Well based on comments in other questions "correctly" lets say based on assumptions, the .data items need to show up as defined in the compiled code, what you find for .bss has historically been toolchain specific, what the spec says I would have to look up and what version for what toolchain you might end up using as despite popular belief not all toolchains that are in use today are in constant maintenance to comply with the standard that is in place this second. Some folks have the luxury of limiting their projects to those that have up to date tools, many don't.

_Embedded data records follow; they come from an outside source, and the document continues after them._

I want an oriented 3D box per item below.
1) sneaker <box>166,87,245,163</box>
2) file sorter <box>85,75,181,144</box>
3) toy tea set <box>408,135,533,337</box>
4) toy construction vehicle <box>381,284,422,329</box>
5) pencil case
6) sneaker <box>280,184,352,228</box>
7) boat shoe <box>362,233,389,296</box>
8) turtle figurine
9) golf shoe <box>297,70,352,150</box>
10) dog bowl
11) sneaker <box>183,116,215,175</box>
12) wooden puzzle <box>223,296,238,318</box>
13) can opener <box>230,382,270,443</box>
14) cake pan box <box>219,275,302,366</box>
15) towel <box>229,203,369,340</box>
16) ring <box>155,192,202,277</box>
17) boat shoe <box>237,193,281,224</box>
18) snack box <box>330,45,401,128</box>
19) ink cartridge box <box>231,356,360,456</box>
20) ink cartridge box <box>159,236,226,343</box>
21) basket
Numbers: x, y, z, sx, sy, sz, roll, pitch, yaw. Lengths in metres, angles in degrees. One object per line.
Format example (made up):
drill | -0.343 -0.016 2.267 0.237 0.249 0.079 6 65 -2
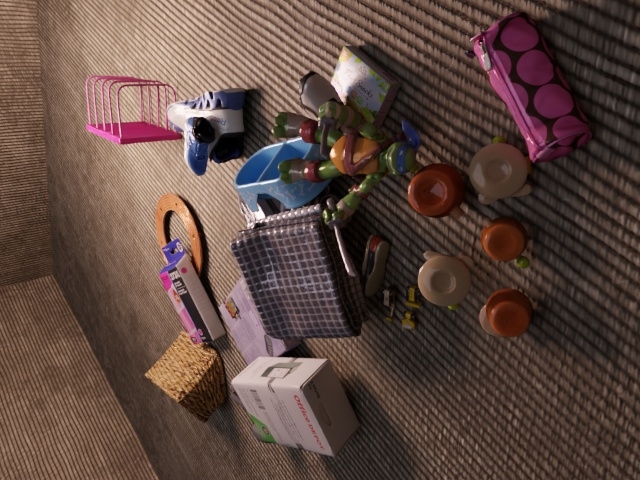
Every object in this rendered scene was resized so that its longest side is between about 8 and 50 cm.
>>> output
sneaker | -0.308 -0.297 1.362 0.316 0.128 0.182 1 102 48
file sorter | -0.619 -0.435 1.623 0.291 0.202 0.182 25 120 43
toy tea set | 0.258 0.002 0.843 0.200 0.124 0.335 -6 96 21
toy construction vehicle | 0.171 0.131 1.030 0.086 0.035 0.098 10 114 36
pencil case | 0.293 -0.211 0.704 0.095 0.098 0.209 -38 75 49
sneaker | 0.000 0.000 1.125 0.153 0.101 0.268 -4 102 48
boat shoe | 0.110 0.054 1.057 0.043 0.049 0.136 34 125 42
turtle figurine | 0.004 -0.131 0.841 0.266 0.274 0.198 19 157 44
golf shoe | 0.033 -0.241 0.963 0.094 0.077 0.198 34 168 51
dog bowl | -0.088 -0.153 1.117 0.297 0.165 0.074 -1 142 51
sneaker | -0.305 -0.240 1.267 0.085 0.058 0.152 8 103 48
wooden puzzle | -0.266 0.200 1.485 0.083 0.006 0.049 53 137 25
can opener | -0.216 0.543 1.583 0.284 0.095 0.075 21 118 44
cake pan box | -0.188 0.242 1.464 0.266 0.070 0.245 58 137 18
towel | -0.047 0.079 1.063 0.235 0.121 0.283 -9 110 33
ring | -0.502 -0.005 1.775 0.337 0.032 0.336 22 119 45
boat shoe | -0.132 -0.032 1.267 0.301 0.108 0.102 58 139 22
snack box | 0.082 -0.299 0.970 0.141 0.037 0.100 49 135 26
ink cartridge box | -0.067 0.424 1.295 0.289 0.122 0.211 -11 108 45
ink cartridge box | -0.467 0.183 1.738 0.176 0.069 0.370 -22 93 51
basket | -0.468 0.516 1.875 0.299 0.223 0.213 9 143 48

The shortcuts shown here are similar to hand tuned assembly vs just taking what the compiler provides, you are on your own and it can be risky if you are not careful, but you can get a decent performance gain on boot doing something like that, if that is something desired/required for your project. Would not use anything like that for non-specialized work.
Also note you are well into the don't use global variables religious debate with this discussion as well. If you don't use globals then you still deal with local globals as I call them, or in other words local static variables which fall into this category.

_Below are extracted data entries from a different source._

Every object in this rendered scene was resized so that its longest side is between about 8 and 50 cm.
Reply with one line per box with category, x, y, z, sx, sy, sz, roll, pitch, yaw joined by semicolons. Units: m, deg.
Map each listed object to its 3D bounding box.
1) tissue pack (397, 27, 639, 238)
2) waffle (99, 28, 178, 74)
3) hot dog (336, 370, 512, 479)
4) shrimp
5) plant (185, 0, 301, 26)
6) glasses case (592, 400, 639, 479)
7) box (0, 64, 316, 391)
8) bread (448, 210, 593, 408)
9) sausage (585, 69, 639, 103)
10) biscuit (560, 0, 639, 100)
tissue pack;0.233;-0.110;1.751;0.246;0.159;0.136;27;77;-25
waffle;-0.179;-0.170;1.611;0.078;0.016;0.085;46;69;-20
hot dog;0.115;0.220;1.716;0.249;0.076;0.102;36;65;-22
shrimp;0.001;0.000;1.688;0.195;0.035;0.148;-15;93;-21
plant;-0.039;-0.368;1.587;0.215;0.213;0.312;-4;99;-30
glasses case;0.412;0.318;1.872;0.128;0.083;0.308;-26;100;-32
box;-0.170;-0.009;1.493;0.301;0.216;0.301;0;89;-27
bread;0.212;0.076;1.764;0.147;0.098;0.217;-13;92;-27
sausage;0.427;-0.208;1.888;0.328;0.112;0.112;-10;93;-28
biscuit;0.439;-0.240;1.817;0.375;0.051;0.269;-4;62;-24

unsigned int more_fun ( unsigned int, unsigned int );
void fun ( unsigned int x )
{
static int ba;
static int da=0x12345678;
ba+=x;
da=more_fun(ba,da);
}
int main ( void )
{
return(0);
}
0000800c <fun>:
800c: e59f2028 ldr r2, [pc, #40] ; 803c <fun+0x30>
8010: e5923000 ldr r3, [r2]
8014: e92d4010 push {r4, lr}
8018: e59f4020 ldr r4, [pc, #32] ; 8040 <fun+0x34>
801c: e0803003 add r3, r0, r3
8020: e5941000 ldr r1, [r4]
8024: e1a00003 mov r0, r3
8028: e5823000 str r3, [r2]
802c: ebfffff6 bl 800c <fun>
8030: e5840000 str r0, [r4]
8034: e8bd4010 pop {r4, lr}
8038: e12fff1e bx lr
803c: 0000804c andeq r8, r0, r12, asr #32
8040: 00008050 andeq r8, r0, r0, asr r0
00008044 <main>:
8044: e3a00000 mov r0, #0
8048: e12fff1e bx lr
Disassembly of section .bss:
0000804c <ba.3666>:
804c: 00000000 andeq r0, r0, r0
Disassembly of section .data:
00008050 <da.3667>:
8050: 12345678 eorsne r5, r4, #120, 12 ; 0x7800000
Being local static or local globals they still land in .data or .bss.